- _What you have to do_:
Please reproduce the listing below exactly, leaving out every picture.

### Provided data ###

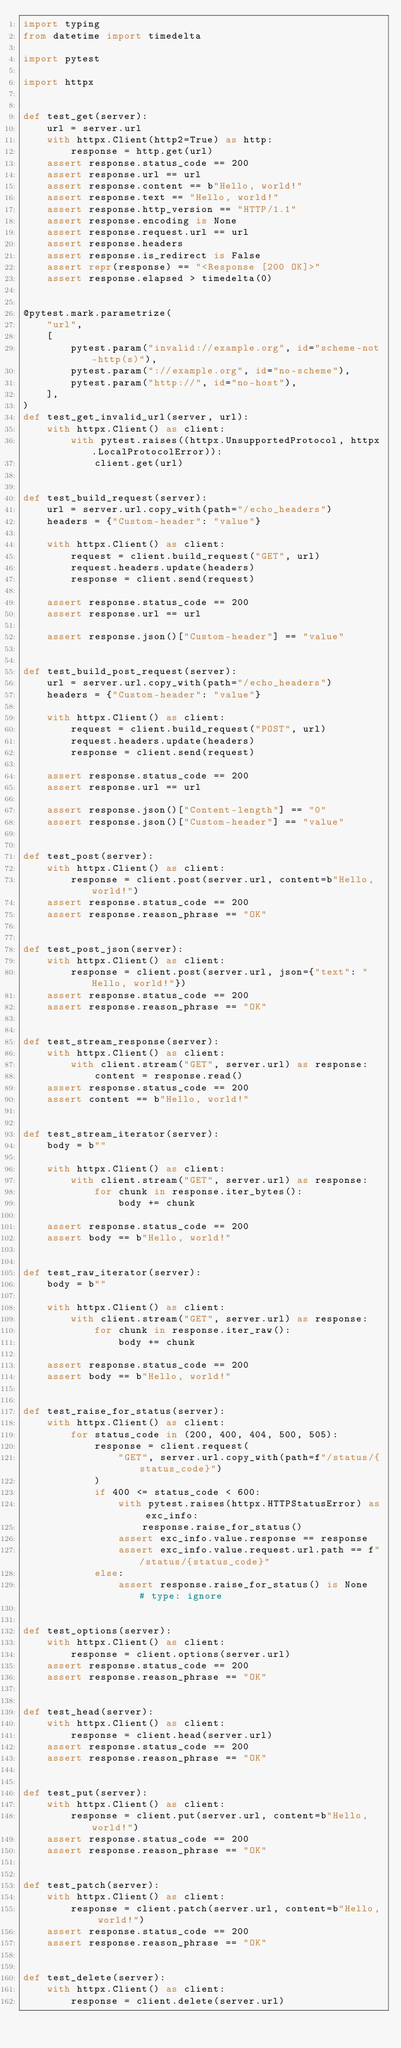Convert code to text. <code><loc_0><loc_0><loc_500><loc_500><_Python_>import typing
from datetime import timedelta

import pytest

import httpx


def test_get(server):
    url = server.url
    with httpx.Client(http2=True) as http:
        response = http.get(url)
    assert response.status_code == 200
    assert response.url == url
    assert response.content == b"Hello, world!"
    assert response.text == "Hello, world!"
    assert response.http_version == "HTTP/1.1"
    assert response.encoding is None
    assert response.request.url == url
    assert response.headers
    assert response.is_redirect is False
    assert repr(response) == "<Response [200 OK]>"
    assert response.elapsed > timedelta(0)


@pytest.mark.parametrize(
    "url",
    [
        pytest.param("invalid://example.org", id="scheme-not-http(s)"),
        pytest.param("://example.org", id="no-scheme"),
        pytest.param("http://", id="no-host"),
    ],
)
def test_get_invalid_url(server, url):
    with httpx.Client() as client:
        with pytest.raises((httpx.UnsupportedProtocol, httpx.LocalProtocolError)):
            client.get(url)


def test_build_request(server):
    url = server.url.copy_with(path="/echo_headers")
    headers = {"Custom-header": "value"}

    with httpx.Client() as client:
        request = client.build_request("GET", url)
        request.headers.update(headers)
        response = client.send(request)

    assert response.status_code == 200
    assert response.url == url

    assert response.json()["Custom-header"] == "value"


def test_build_post_request(server):
    url = server.url.copy_with(path="/echo_headers")
    headers = {"Custom-header": "value"}

    with httpx.Client() as client:
        request = client.build_request("POST", url)
        request.headers.update(headers)
        response = client.send(request)

    assert response.status_code == 200
    assert response.url == url

    assert response.json()["Content-length"] == "0"
    assert response.json()["Custom-header"] == "value"


def test_post(server):
    with httpx.Client() as client:
        response = client.post(server.url, content=b"Hello, world!")
    assert response.status_code == 200
    assert response.reason_phrase == "OK"


def test_post_json(server):
    with httpx.Client() as client:
        response = client.post(server.url, json={"text": "Hello, world!"})
    assert response.status_code == 200
    assert response.reason_phrase == "OK"


def test_stream_response(server):
    with httpx.Client() as client:
        with client.stream("GET", server.url) as response:
            content = response.read()
    assert response.status_code == 200
    assert content == b"Hello, world!"


def test_stream_iterator(server):
    body = b""

    with httpx.Client() as client:
        with client.stream("GET", server.url) as response:
            for chunk in response.iter_bytes():
                body += chunk

    assert response.status_code == 200
    assert body == b"Hello, world!"


def test_raw_iterator(server):
    body = b""

    with httpx.Client() as client:
        with client.stream("GET", server.url) as response:
            for chunk in response.iter_raw():
                body += chunk

    assert response.status_code == 200
    assert body == b"Hello, world!"


def test_raise_for_status(server):
    with httpx.Client() as client:
        for status_code in (200, 400, 404, 500, 505):
            response = client.request(
                "GET", server.url.copy_with(path=f"/status/{status_code}")
            )
            if 400 <= status_code < 600:
                with pytest.raises(httpx.HTTPStatusError) as exc_info:
                    response.raise_for_status()
                assert exc_info.value.response == response
                assert exc_info.value.request.url.path == f"/status/{status_code}"
            else:
                assert response.raise_for_status() is None  # type: ignore


def test_options(server):
    with httpx.Client() as client:
        response = client.options(server.url)
    assert response.status_code == 200
    assert response.reason_phrase == "OK"


def test_head(server):
    with httpx.Client() as client:
        response = client.head(server.url)
    assert response.status_code == 200
    assert response.reason_phrase == "OK"


def test_put(server):
    with httpx.Client() as client:
        response = client.put(server.url, content=b"Hello, world!")
    assert response.status_code == 200
    assert response.reason_phrase == "OK"


def test_patch(server):
    with httpx.Client() as client:
        response = client.patch(server.url, content=b"Hello, world!")
    assert response.status_code == 200
    assert response.reason_phrase == "OK"


def test_delete(server):
    with httpx.Client() as client:
        response = client.delete(server.url)</code>

###

- _Solution to the exercise_:
Convert code to text. <code><loc_0><loc_0><loc_500><loc_500><_Python_>import typing
from datetime import timedelta

import pytest

import httpx


def test_get(server):
    url = server.url
    with httpx.Client(http2=True) as http:
        response = http.get(url)
    assert response.status_code == 200
    assert response.url == url
    assert response.content == b"Hello, world!"
    assert response.text == "Hello, world!"
    assert response.http_version == "HTTP/1.1"
    assert response.encoding is None
    assert response.request.url == url
    assert response.headers
    assert response.is_redirect is False
    assert repr(response) == "<Response [200 OK]>"
    assert response.elapsed > timedelta(0)


@pytest.mark.parametrize(
    "url",
    [
        pytest.param("invalid://example.org", id="scheme-not-http(s)"),
        pytest.param("://example.org", id="no-scheme"),
        pytest.param("http://", id="no-host"),
    ],
)
def test_get_invalid_url(server, url):
    with httpx.Client() as client:
        with pytest.raises((httpx.UnsupportedProtocol, httpx.LocalProtocolError)):
            client.get(url)


def test_build_request(server):
    url = server.url.copy_with(path="/echo_headers")
    headers = {"Custom-header": "value"}

    with httpx.Client() as client:
        request = client.build_request("GET", url)
        request.headers.update(headers)
        response = client.send(request)

    assert response.status_code == 200
    assert response.url == url

    assert response.json()["Custom-header"] == "value"


def test_build_post_request(server):
    url = server.url.copy_with(path="/echo_headers")
    headers = {"Custom-header": "value"}

    with httpx.Client() as client:
        request = client.build_request("POST", url)
        request.headers.update(headers)
        response = client.send(request)

    assert response.status_code == 200
    assert response.url == url

    assert response.json()["Content-length"] == "0"
    assert response.json()["Custom-header"] == "value"


def test_post(server):
    with httpx.Client() as client:
        response = client.post(server.url, content=b"Hello, world!")
    assert response.status_code == 200
    assert response.reason_phrase == "OK"


def test_post_json(server):
    with httpx.Client() as client:
        response = client.post(server.url, json={"text": "Hello, world!"})
    assert response.status_code == 200
    assert response.reason_phrase == "OK"


def test_stream_response(server):
    with httpx.Client() as client:
        with client.stream("GET", server.url) as response:
            content = response.read()
    assert response.status_code == 200
    assert content == b"Hello, world!"


def test_stream_iterator(server):
    body = b""

    with httpx.Client() as client:
        with client.stream("GET", server.url) as response:
            for chunk in response.iter_bytes():
                body += chunk

    assert response.status_code == 200
    assert body == b"Hello, world!"


def test_raw_iterator(server):
    body = b""

    with httpx.Client() as client:
        with client.stream("GET", server.url) as response:
            for chunk in response.iter_raw():
                body += chunk

    assert response.status_code == 200
    assert body == b"Hello, world!"


def test_raise_for_status(server):
    with httpx.Client() as client:
        for status_code in (200, 400, 404, 500, 505):
            response = client.request(
                "GET", server.url.copy_with(path=f"/status/{status_code}")
            )
            if 400 <= status_code < 600:
                with pytest.raises(httpx.HTTPStatusError) as exc_info:
                    response.raise_for_status()
                assert exc_info.value.response == response
                assert exc_info.value.request.url.path == f"/status/{status_code}"
            else:
                assert response.raise_for_status() is None  # type: ignore


def test_options(server):
    with httpx.Client() as client:
        response = client.options(server.url)
    assert response.status_code == 200
    assert response.reason_phrase == "OK"


def test_head(server):
    with httpx.Client() as client:
        response = client.head(server.url)
    assert response.status_code == 200
    assert response.reason_phrase == "OK"


def test_put(server):
    with httpx.Client() as client:
        response = client.put(server.url, content=b"Hello, world!")
    assert response.status_code == 200
    assert response.reason_phrase == "OK"


def test_patch(server):
    with httpx.Client() as client:
        response = client.patch(server.url, content=b"Hello, world!")
    assert response.status_code == 200
    assert response.reason_phrase == "OK"


def test_delete(server):
    with httpx.Client() as client:
        response = client.delete(server.url)</code>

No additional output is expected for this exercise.